NOTE 1 – BASIS OF PRESENTATION
On June 24, 2010, WindGen Energy, Inc. entered into an agreement with MicroCor, Inc., Chi Lin Technology Co., Ltd. and Wescor, Inc., whereby WindGen transferred 230,000 shares of MicroCor common stock owned by WindGen to Wescor, reducing WindGen’s holdings in MicroCor from 1,700,000 common shares to 1,470,000 common shares. WindGen’s percentage of ownership of MicroCor was reduced from approximately 57% to 49%. Since WindGen’s ownership percentage is below 50%, MicroCor’s financial statements are no longer consolidated with WindGen’s financial statements.
The accompanying unaudited consolidated financial statements of WindGen Energy Inc. (the “Company”) have been prepared on a going concern basis which contemplates the realization of assets and satisfaction of liabilities that might be necessary should the Company be unable to continue as a going concern. The Company generated a net gain / (loss) of ($82,102) and ($67,620) for the three month periods ended September 30, 2010 and 2009, respectively, and negative cash flows from operations of $168,124 and $66,456 for the nine month periods ended September 30, 2010 and 2009, respectively. As of September 30, 2010, the Company had an accumulated deficit of $9,240,999. At September 30, 2010, the Company had a stockholders’ deficit of $96,263. These conditions raise substantial doubt as to the Company’s ability to continue as a going concern. The Comp any’s continued existence is dependent upon its ability to execute its operating plan and to obtain additional debt or equity financing. There can be no assurance that the necessary debt or equity financing will be available, or will be available on terms acceptable to the Company.
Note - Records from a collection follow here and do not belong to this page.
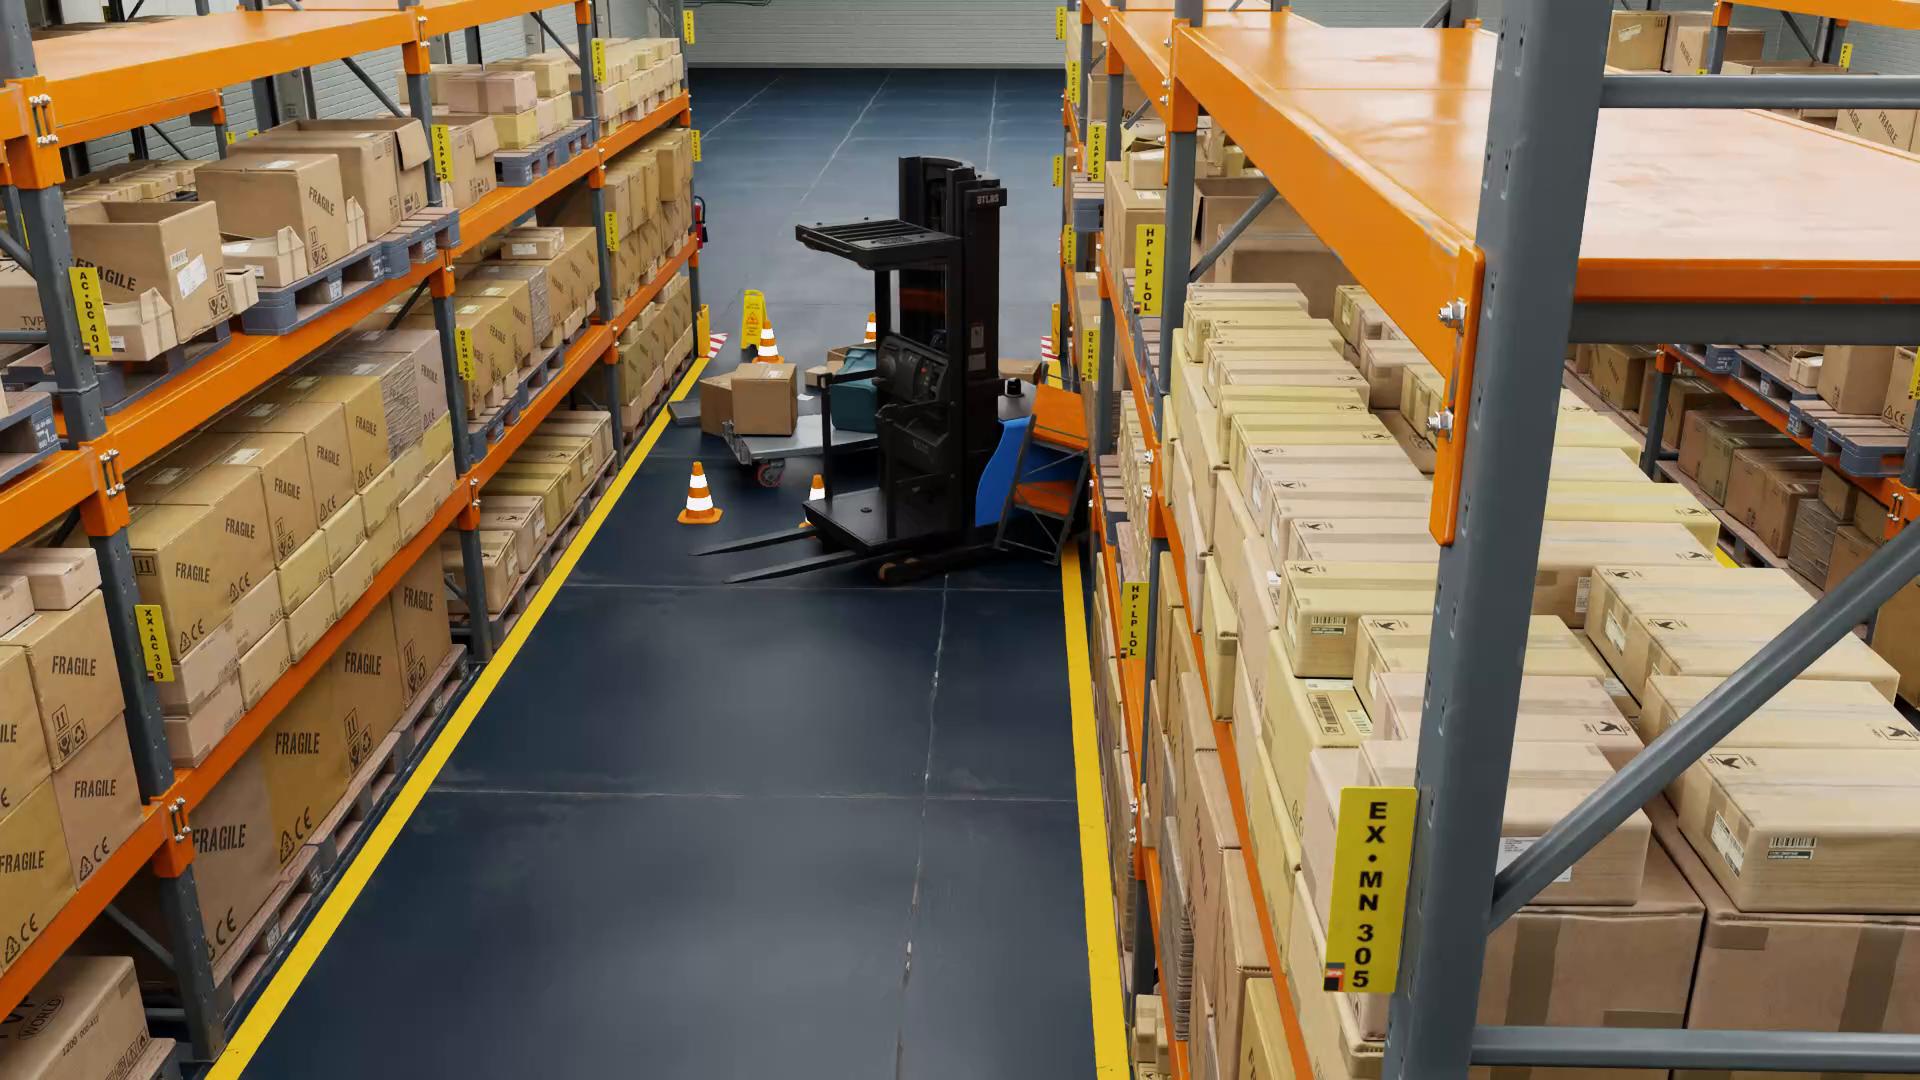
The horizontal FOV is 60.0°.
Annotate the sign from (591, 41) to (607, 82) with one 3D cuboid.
[{"bbox_3d":[-2.919,-3.869,13.449,0.100,0.325,0.005,1,21,2],"label":"sign"}]

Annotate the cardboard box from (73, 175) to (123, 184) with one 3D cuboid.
[{"bbox_3d":[-8.578,-3.544,16.571,0.380,0.149,0.250,1,21,3],"label":"cardboard box"}]

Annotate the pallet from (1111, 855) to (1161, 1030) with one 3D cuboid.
[{"bbox_3d":[1.256,1.878,7.897,1.003,0.211,1.213,1,21,2],"label":"pallet"}]

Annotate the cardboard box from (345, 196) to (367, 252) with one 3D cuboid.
[{"bbox_3d":[-3.287,-1.635,8.553,0.396,0.266,0.258,0,21,0],"label":"cardboard box"}]

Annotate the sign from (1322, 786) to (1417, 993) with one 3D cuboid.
[{"bbox_3d":[0.558,0.481,2.272,0.100,0.325,0.005,1,21,2],"label":"sign"}]

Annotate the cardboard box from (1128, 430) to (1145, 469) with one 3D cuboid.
[{"bbox_3d":[1.122,-0.496,9.106,0.380,0.149,0.250,0,21,-1],"label":"cardboard box"}]

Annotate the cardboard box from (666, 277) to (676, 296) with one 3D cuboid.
[{"bbox_3d":[-3.070,-2.546,16.732,0.380,0.149,0.250,1,21,3],"label":"cardboard box"}]

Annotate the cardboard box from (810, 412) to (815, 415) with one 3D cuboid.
[{"bbox_3d":[-1.303,-1.047,15.361,0.258,0.266,0.396,-16,26,-35],"label":"cardboard box"}]

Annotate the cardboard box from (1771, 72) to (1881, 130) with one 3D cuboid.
[{"bbox_3d":[6.291,-3.075,11.937,0.797,0.503,0.637,1,21,4],"label":"cardboard box"}]

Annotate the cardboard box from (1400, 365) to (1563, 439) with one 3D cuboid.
[{"bbox_3d":[1.474,-0.395,4.718,0.380,0.149,0.250,0,21,-1],"label":"cardboard box"}]

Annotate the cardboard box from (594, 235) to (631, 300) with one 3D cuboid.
[{"bbox_3d":[-3.182,-2.392,14.499,0.500,0.500,0.500,1,21,1],"label":"cardboard box"}]

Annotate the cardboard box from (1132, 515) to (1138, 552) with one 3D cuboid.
[{"bbox_3d":[1.102,-0.027,8.717,0.380,0.149,0.250,1,21,2],"label":"cardboard box"}]

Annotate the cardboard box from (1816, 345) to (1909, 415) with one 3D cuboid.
[{"bbox_3d":[6.204,-1.137,11.093,0.700,0.500,0.500,4,22,10],"label":"cardboard box"}]

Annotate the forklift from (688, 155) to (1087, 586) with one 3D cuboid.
[{"bbox_3d":[-0.532,-1.248,12.193,3.031,2.935,1.130,-13,25,-29],"label":"forklift"}]

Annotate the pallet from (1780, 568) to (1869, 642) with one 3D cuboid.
[{"bbox_3d":[6.335,0.522,11.392,1.003,0.211,1.213,1,21,2],"label":"pallet"}]

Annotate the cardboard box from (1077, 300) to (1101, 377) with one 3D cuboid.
[{"bbox_3d":[1.160,-1.529,12.685,0.500,0.500,0.500,1,21,1],"label":"cardboard box"}]

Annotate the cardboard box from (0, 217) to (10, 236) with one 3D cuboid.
[{"bbox_3d":[-8.129,-2.704,14.405,0.380,0.149,0.250,1,21,3],"label":"cardboard box"}]

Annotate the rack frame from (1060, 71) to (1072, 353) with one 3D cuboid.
[{"bbox_3d":[1.599,-3.479,17.850,1.000,3.000,0.127,1,21,2],"label":"rack frame"}]

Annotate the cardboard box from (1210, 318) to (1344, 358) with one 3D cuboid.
[{"bbox_3d":[0.990,-0.596,5.237,0.380,0.149,0.250,0,21,1],"label":"cardboard box"}]

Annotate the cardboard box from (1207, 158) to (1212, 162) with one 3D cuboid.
[{"bbox_3d":[1.526,-2.230,10.110,0.380,0.149,0.250,0,21,0],"label":"cardboard box"}]

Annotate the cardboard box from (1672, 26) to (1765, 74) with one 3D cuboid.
[{"bbox_3d":[6.191,-3.924,13.609,0.500,0.500,0.500,0,21,0],"label":"cardboard box"}]

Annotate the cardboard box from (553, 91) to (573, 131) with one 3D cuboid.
[{"bbox_3d":[-3.347,-3.363,13.028,0.500,0.250,0.500,0,21,1],"label":"cardboard box"}]

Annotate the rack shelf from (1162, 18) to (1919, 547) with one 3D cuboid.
[{"bbox_3d":[1.173,-0.877,3.849,1.077,0.370,4.000,1,21,2],"label":"rack shelf"}]

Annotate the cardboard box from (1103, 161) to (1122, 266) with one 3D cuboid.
[{"bbox_3d":[1.072,-1.828,9.309,0.500,0.500,0.500,1,21,2],"label":"cardboard box"}]

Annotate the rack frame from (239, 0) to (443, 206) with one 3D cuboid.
[{"bbox_3d":[-3.595,-3.402,9.356,1.000,3.000,0.127,1,21,2],"label":"rack frame"}]

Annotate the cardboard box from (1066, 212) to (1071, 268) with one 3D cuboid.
[{"bbox_3d":[1.495,-3.014,16.444,0.875,0.550,0.550,1,21,2],"label":"cardboard box"}]

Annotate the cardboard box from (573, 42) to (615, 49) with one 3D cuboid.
[{"bbox_3d":[-3.628,-4.843,16.462,0.380,0.149,0.250,1,21,2],"label":"cardboard box"}]

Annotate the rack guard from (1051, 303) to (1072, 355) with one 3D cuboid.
[{"bbox_3d":[1.600,-2.323,18.324,1.175,0.500,0.348,1,21,2],"label":"rack guard"}]

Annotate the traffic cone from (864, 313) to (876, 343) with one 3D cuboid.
[{"bbox_3d":[-0.956,-2.256,18.203,0.336,0.463,0.334,1,21,2],"label":"traffic cone"}]

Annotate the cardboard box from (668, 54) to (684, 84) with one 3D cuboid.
[{"bbox_3d":[-3.098,-4.777,16.842,0.500,0.250,0.500,0,21,1],"label":"cardboard box"}]

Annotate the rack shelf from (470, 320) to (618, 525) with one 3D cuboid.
[{"bbox_3d":[-3.534,-0.993,12.435,1.077,0.370,4.000,1,21,2],"label":"rack shelf"}]

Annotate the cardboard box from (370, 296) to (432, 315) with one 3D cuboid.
[{"bbox_3d":[-3.854,-1.340,11.207,0.500,0.500,0.500,0,21,1],"label":"cardboard box"}]

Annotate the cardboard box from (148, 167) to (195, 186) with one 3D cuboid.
[{"bbox_3d":[-8.071,-3.722,17.029,0.380,0.149,0.250,1,21,3],"label":"cardboard box"}]

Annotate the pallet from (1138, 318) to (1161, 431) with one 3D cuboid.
[{"bbox_3d":[1.359,-0.674,6.731,1.213,0.211,1.003,1,21,2],"label":"pallet"}]

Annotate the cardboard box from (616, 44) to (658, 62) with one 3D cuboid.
[{"bbox_3d":[-3.162,-4.748,16.218,0.380,0.149,0.250,1,21,2],"label":"cardboard box"}]

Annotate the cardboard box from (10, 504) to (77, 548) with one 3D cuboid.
[{"bbox_3d":[-3.954,0.164,6.938,0.500,0.500,0.500,1,21,3],"label":"cardboard box"}]

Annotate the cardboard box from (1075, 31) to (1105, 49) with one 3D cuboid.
[{"bbox_3d":[1.194,-4.337,14.439,0.380,0.149,0.250,1,21,3],"label":"cardboard box"}]

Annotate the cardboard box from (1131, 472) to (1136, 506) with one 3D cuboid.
[{"bbox_3d":[1.113,-0.256,8.897,0.380,0.149,0.250,1,21,2],"label":"cardboard box"}]

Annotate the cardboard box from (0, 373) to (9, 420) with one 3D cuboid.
[{"bbox_3d":[-3.416,-0.502,5.497,0.396,0.266,0.258,1,21,3],"label":"cardboard box"}]

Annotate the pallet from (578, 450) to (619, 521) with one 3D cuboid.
[{"bbox_3d":[-3.496,-0.470,13.947,1.003,0.211,1.213,1,21,2],"label":"pallet"}]

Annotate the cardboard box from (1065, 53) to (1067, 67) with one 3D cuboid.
[{"bbox_3d":[1.268,-4.883,16.948,0.380,0.149,0.250,1,21,2],"label":"cardboard box"}]

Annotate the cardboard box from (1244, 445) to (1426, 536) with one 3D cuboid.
[{"bbox_3d":[0.898,-0.121,4.013,0.380,0.149,0.250,0,21,0],"label":"cardboard box"}]

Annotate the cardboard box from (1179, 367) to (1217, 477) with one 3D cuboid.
[{"bbox_3d":[0.960,-0.351,5.155,0.500,0.250,0.500,1,21,1],"label":"cardboard box"}]

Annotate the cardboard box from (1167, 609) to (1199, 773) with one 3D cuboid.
[{"bbox_3d":[0.976,0.556,5.518,0.500,0.500,0.500,0,21,0],"label":"cardboard box"}]

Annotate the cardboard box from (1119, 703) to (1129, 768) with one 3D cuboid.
[{"bbox_3d":[1.033,1.022,8.088,0.500,0.250,0.500,2,21,4],"label":"cardboard box"}]

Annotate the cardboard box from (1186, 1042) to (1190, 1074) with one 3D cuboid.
[{"bbox_3d":[0.907,1.552,5.230,0.380,0.149,0.250,2,21,4],"label":"cardboard box"}]

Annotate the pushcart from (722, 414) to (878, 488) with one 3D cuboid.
[{"bbox_3d":[-1.193,-0.822,14.625,1.648,0.377,0.936,-7,22,-17],"label":"pushcart"}]

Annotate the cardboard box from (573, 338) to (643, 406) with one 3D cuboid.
[{"bbox_3d":[-3.186,-1.525,14.996,0.500,0.500,0.500,2,21,4],"label":"cardboard box"}]

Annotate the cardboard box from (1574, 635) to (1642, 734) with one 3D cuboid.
[{"bbox_3d":[1.400,0.400,3.222,0.500,0.250,0.500,0,21,1],"label":"cardboard box"}]

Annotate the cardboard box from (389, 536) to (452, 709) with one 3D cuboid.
[{"bbox_3d":[-3.699,0.439,10.108,0.875,0.875,0.875,0,21,1],"label":"cardboard box"}]

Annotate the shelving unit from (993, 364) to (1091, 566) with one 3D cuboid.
[{"bbox_3d":[0.692,-0.586,12.661,0.538,1.125,1.048,16,28,1],"label":"shelving unit"}]

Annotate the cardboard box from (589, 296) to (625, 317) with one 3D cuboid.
[{"bbox_3d":[-3.143,-2.044,14.498,0.380,0.149,0.250,1,21,1],"label":"cardboard box"}]

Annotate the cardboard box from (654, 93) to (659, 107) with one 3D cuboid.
[{"bbox_3d":[-3.135,-4.279,16.111,0.380,0.149,0.250,0,21,1],"label":"cardboard box"}]

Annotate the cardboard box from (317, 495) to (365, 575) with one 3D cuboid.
[{"bbox_3d":[-3.379,-0.032,8.480,0.500,0.250,0.500,0,21,0],"label":"cardboard box"}]

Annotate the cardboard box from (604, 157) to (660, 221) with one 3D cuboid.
[{"bbox_3d":[-3.164,-3.225,15.262,0.700,0.500,0.500,0,21,0],"label":"cardboard box"}]

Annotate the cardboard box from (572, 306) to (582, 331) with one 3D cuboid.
[{"bbox_3d":[-3.211,-1.752,13.164,0.380,0.149,0.250,0,21,1],"label":"cardboard box"}]

The accompanying consolidated financial statements of the Company are unaudited. However, in management’s opinion, all adjustments, consisting only of normal recurring adjustments necessary for fair presentation of results for the interim periods shown, have been made. Results for interim periods are not necessarily indicative of those to be expected for the full year. These consolidated financial statements should be read in conjunction with the audited consolidated financial statements and notes to consolidated financial statements included in the Company’s annual report on form 10-K for the year ended December 31, 2009.
NOTE 2 – NATURE OF OPERATIONS AND SUMMARY OF SIGNIFICANT ACCOUNTING POLICIES
Principles of Consolidation
The consolidated financial statements include the accounts of WindGen Energy Inc. and its majority owned subsidiary, MicroCor, Inc. (“MicroCor”) through June 24, 2010. As of June 24, 2010, MicroCor’s financial statements are no longer being consolidated with WindGen’s financial statements. (See Note 1).
Use of Estimates
The preparation of financial statements in conformity with accounting principles generally accepted in the United States of America requires management to make estimates and assumptions that affect the reported amounts of assets and liabilities and disclosure of contingent assets and liabilities at the date of the financial statements and the reported amounts of revenues and expenses during the reporting period. Actual results could differ from those estimates.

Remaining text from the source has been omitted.